**What is needed:**
The lines from the start of the records through the one containing "10. flat transport robot [0,358,22,377]" are to be transcribed exactly, and nothing else.

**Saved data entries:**
+ + + +

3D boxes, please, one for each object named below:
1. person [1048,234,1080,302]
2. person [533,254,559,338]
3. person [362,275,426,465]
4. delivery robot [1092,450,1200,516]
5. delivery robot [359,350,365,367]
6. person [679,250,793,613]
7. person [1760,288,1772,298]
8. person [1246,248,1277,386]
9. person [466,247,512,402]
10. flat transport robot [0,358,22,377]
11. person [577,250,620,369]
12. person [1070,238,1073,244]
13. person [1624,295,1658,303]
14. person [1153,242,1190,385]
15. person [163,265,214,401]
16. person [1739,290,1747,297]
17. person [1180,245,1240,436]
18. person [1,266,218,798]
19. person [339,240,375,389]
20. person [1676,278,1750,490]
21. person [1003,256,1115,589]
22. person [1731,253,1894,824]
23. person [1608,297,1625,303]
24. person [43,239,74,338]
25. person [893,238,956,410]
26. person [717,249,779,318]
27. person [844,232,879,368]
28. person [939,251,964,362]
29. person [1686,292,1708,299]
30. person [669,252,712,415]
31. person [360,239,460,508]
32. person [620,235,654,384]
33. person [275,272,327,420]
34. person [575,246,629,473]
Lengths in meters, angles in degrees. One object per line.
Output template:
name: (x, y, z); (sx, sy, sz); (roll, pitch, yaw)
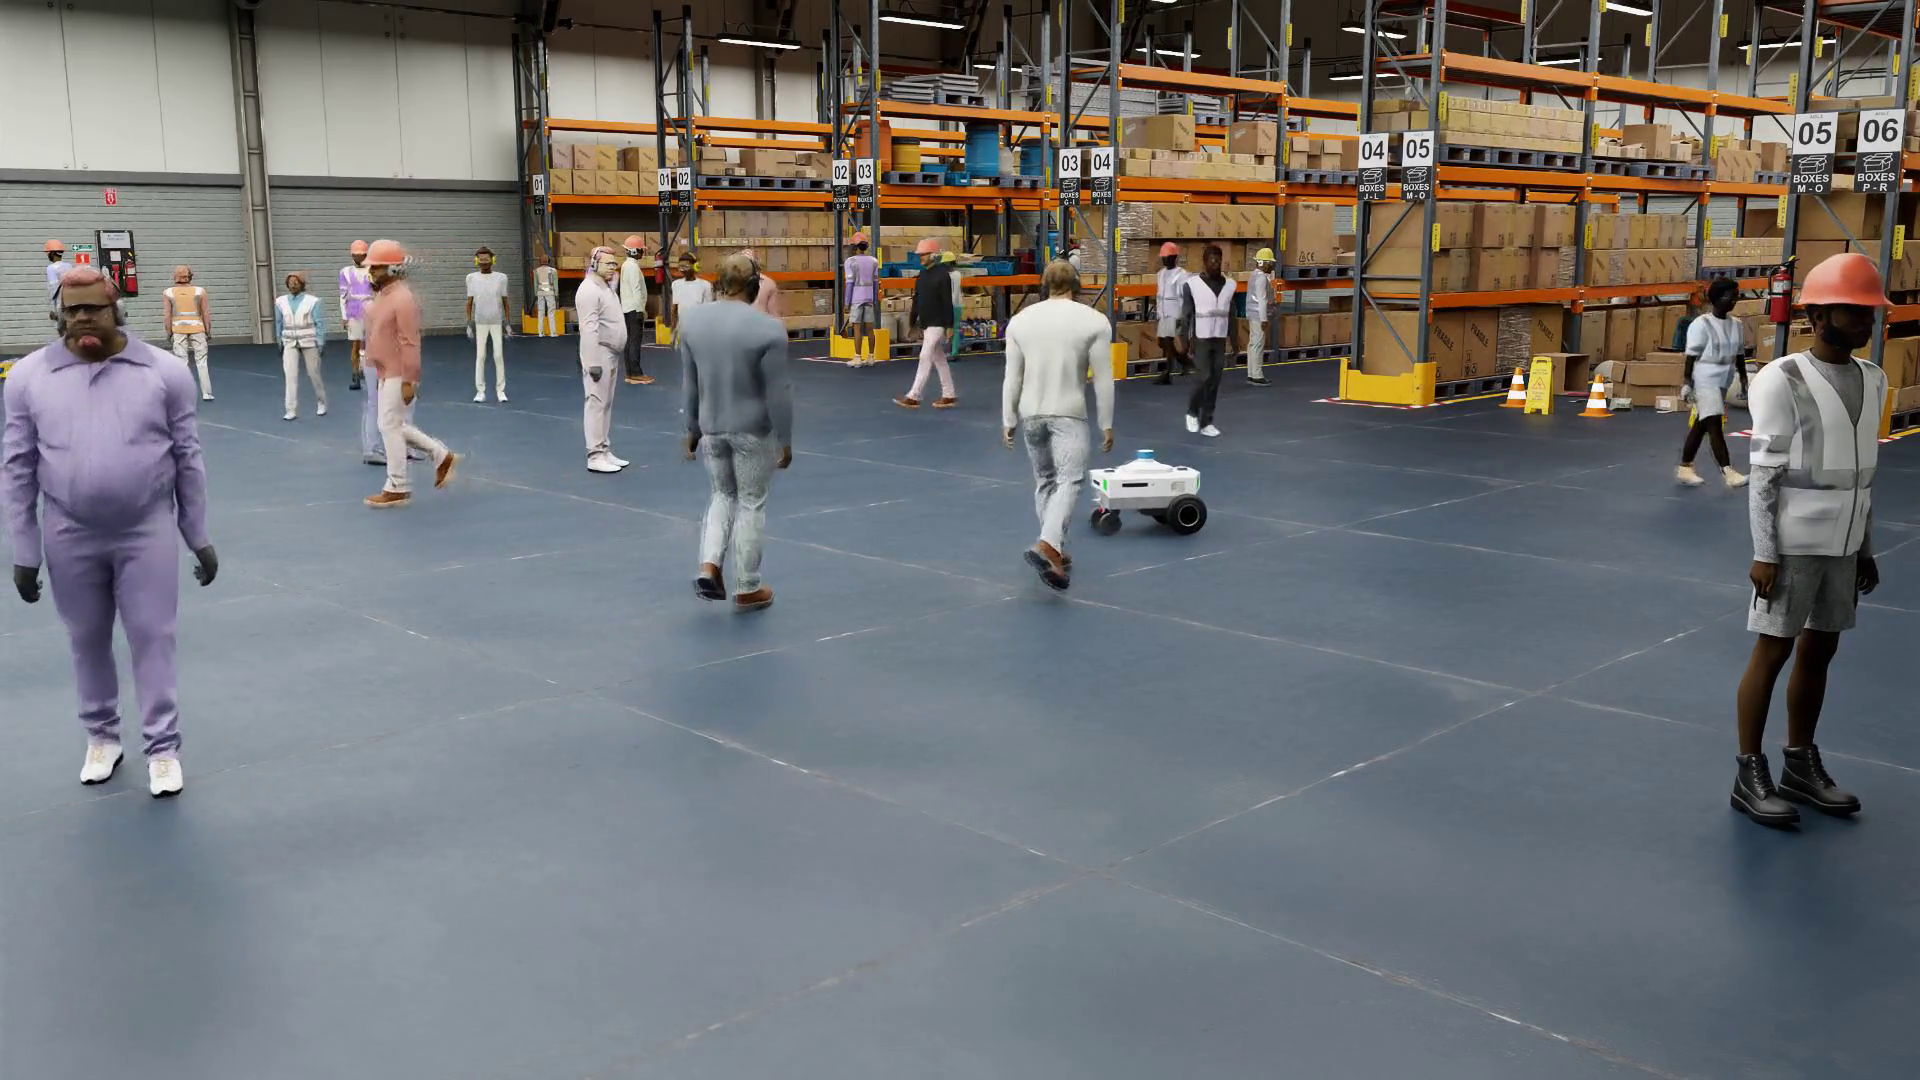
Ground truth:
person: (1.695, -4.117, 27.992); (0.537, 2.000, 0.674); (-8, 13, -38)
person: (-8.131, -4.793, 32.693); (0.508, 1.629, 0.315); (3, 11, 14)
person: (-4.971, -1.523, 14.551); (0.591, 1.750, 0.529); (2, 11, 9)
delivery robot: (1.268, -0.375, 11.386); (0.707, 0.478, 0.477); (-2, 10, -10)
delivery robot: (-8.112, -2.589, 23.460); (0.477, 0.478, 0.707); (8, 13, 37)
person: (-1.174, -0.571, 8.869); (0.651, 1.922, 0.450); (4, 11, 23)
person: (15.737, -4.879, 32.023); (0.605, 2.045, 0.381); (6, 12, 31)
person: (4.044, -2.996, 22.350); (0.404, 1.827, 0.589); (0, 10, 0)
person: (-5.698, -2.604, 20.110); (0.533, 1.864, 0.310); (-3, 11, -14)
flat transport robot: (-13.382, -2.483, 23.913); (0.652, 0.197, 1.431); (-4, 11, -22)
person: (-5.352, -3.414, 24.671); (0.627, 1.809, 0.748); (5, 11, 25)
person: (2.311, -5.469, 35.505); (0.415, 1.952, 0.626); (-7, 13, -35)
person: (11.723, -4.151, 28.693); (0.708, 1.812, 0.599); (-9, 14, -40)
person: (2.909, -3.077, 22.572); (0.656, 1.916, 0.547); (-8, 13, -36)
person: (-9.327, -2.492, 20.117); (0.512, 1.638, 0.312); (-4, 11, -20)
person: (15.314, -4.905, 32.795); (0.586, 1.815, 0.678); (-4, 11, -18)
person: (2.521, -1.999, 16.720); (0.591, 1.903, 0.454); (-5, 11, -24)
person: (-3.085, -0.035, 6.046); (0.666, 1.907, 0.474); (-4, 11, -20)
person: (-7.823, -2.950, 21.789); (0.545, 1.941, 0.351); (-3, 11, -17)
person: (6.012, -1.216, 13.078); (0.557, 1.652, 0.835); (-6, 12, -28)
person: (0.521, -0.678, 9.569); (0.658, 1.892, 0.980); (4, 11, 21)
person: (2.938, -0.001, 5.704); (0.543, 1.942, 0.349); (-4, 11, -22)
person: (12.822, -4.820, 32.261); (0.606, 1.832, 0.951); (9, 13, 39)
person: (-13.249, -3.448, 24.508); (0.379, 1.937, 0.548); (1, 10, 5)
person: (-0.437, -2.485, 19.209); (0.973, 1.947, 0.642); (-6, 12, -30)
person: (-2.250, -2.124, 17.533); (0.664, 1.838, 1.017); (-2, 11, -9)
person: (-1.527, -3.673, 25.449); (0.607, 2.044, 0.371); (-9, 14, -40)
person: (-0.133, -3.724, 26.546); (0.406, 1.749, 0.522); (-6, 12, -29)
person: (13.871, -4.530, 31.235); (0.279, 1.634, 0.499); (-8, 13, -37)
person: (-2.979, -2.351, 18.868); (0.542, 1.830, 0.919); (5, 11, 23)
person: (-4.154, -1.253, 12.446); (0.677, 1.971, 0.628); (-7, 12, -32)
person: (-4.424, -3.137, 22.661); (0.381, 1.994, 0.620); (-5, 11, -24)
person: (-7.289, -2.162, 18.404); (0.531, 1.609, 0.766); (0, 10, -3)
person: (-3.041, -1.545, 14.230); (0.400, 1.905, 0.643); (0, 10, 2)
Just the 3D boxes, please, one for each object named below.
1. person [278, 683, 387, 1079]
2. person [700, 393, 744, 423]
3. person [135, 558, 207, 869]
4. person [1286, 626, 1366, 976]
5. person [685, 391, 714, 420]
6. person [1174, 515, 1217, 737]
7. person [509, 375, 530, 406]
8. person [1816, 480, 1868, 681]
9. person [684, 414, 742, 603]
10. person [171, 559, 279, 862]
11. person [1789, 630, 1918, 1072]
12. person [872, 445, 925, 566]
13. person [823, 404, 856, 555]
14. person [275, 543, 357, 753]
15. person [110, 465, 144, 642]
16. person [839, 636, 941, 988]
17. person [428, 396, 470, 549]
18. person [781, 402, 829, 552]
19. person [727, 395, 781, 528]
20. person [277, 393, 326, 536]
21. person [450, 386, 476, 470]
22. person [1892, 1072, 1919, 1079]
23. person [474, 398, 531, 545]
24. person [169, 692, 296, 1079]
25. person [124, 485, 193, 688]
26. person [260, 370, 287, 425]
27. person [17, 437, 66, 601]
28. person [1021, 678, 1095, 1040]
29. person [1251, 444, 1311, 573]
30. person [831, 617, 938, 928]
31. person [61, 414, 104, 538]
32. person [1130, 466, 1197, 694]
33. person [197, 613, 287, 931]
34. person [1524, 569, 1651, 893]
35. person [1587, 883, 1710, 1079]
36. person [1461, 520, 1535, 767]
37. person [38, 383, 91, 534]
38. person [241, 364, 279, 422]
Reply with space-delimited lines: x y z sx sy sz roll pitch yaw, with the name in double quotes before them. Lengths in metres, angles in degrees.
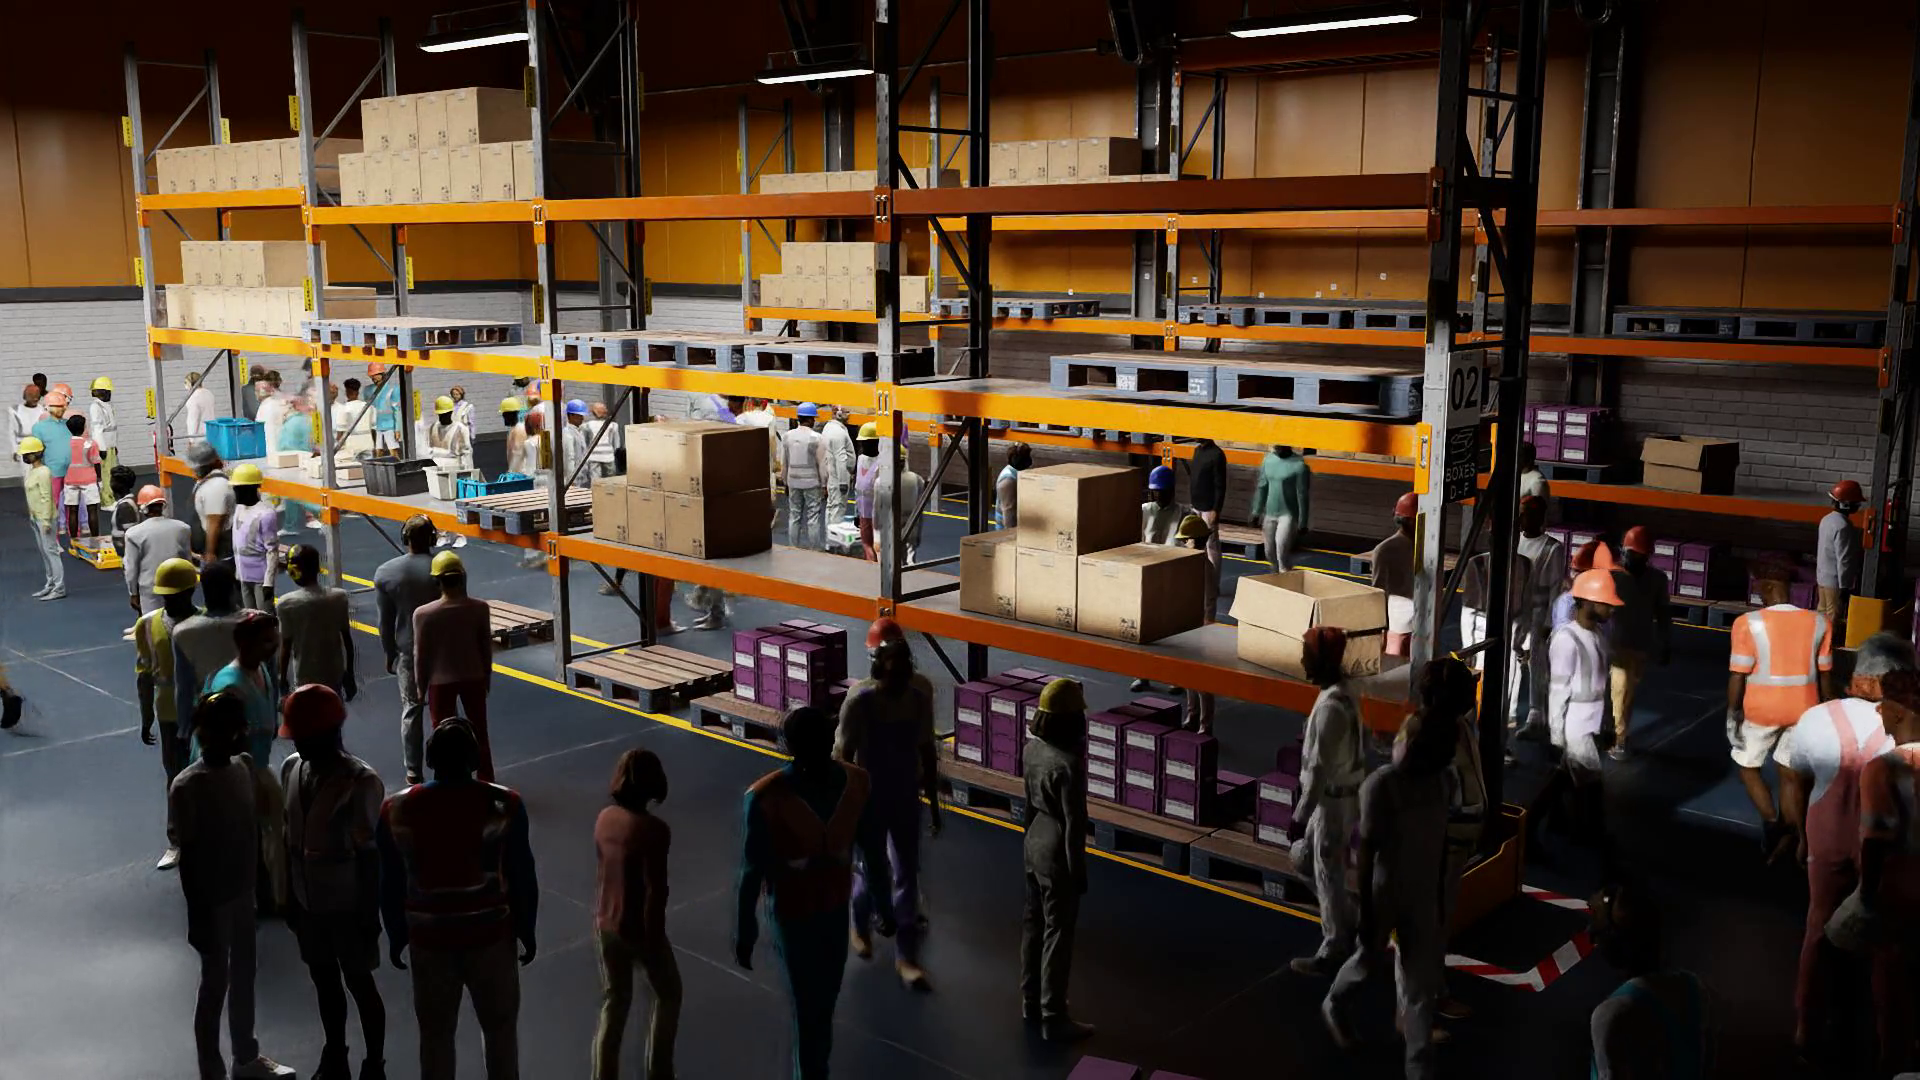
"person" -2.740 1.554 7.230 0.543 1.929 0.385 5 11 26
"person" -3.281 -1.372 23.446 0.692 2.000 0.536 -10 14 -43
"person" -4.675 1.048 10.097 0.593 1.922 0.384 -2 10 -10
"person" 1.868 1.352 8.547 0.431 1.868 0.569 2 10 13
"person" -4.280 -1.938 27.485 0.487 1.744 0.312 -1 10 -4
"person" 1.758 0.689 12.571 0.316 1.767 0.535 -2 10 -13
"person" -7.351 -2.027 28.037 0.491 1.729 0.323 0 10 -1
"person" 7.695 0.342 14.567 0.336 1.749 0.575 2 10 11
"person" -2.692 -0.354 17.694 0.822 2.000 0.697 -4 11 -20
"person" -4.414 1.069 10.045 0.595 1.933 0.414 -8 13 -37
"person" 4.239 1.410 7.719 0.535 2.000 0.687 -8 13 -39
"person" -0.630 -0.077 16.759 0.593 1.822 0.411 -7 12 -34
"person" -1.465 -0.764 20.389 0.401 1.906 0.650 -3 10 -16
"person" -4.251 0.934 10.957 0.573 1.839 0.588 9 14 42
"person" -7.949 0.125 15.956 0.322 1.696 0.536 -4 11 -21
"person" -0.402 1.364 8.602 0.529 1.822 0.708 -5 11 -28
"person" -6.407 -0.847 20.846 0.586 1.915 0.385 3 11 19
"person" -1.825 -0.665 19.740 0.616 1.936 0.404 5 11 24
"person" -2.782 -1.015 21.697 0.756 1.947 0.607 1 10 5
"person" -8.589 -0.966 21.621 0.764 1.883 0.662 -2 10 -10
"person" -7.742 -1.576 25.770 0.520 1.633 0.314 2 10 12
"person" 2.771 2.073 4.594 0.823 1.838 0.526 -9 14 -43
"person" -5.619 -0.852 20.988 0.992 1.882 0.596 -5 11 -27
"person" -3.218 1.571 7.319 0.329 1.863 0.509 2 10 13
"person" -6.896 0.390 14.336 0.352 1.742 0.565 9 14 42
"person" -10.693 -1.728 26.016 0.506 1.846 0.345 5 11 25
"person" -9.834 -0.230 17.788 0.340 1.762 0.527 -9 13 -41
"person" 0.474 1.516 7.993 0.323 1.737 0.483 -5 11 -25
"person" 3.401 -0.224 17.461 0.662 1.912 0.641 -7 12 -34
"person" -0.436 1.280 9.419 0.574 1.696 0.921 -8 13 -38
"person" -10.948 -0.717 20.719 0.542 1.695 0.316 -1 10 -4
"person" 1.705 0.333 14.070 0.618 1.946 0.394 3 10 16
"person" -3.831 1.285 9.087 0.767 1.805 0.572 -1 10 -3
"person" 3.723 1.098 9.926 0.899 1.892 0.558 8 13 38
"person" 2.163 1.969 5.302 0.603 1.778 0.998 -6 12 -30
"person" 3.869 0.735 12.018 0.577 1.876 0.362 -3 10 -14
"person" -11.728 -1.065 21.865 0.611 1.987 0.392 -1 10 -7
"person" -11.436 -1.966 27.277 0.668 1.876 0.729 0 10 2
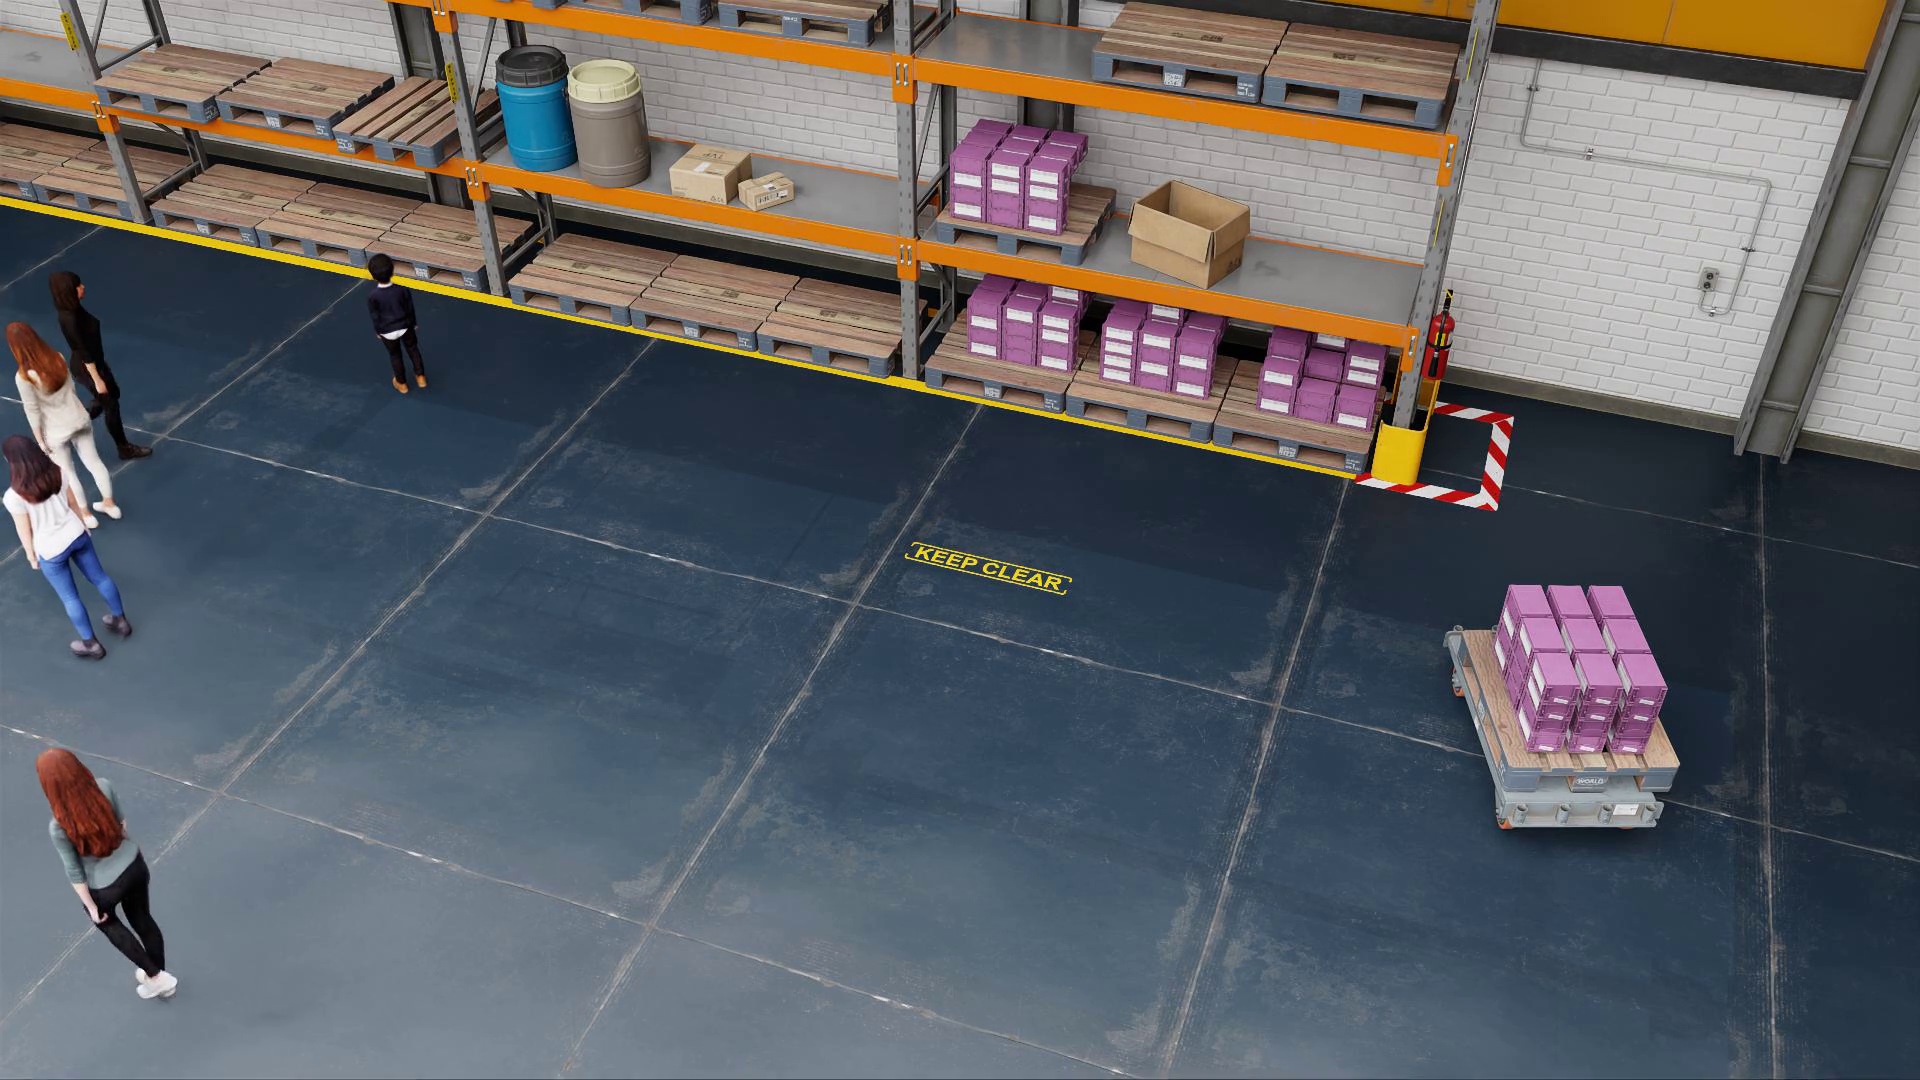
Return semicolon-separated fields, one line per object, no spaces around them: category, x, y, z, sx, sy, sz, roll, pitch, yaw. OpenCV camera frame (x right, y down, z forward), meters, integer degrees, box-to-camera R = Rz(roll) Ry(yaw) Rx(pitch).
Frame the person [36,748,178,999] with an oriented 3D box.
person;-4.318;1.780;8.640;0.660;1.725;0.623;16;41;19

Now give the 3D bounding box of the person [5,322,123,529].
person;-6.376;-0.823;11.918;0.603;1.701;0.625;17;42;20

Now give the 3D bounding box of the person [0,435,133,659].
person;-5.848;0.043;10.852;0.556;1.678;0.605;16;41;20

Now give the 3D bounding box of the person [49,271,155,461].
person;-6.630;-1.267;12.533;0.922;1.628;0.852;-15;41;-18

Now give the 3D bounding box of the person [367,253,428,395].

+ + + +

**Response to the task:**
3D boxes, please, one for each object named below:
1. person [1048,234,1080,302]
2. person [533,254,559,338]
3. person [362,275,426,465]
4. delivery robot [1092,450,1200,516]
5. delivery robot [359,350,365,367]
6. person [679,250,793,613]
7. person [1760,288,1772,298]
8. person [1246,248,1277,386]
9. person [466,247,512,402]
10. flat transport robot [0,358,22,377]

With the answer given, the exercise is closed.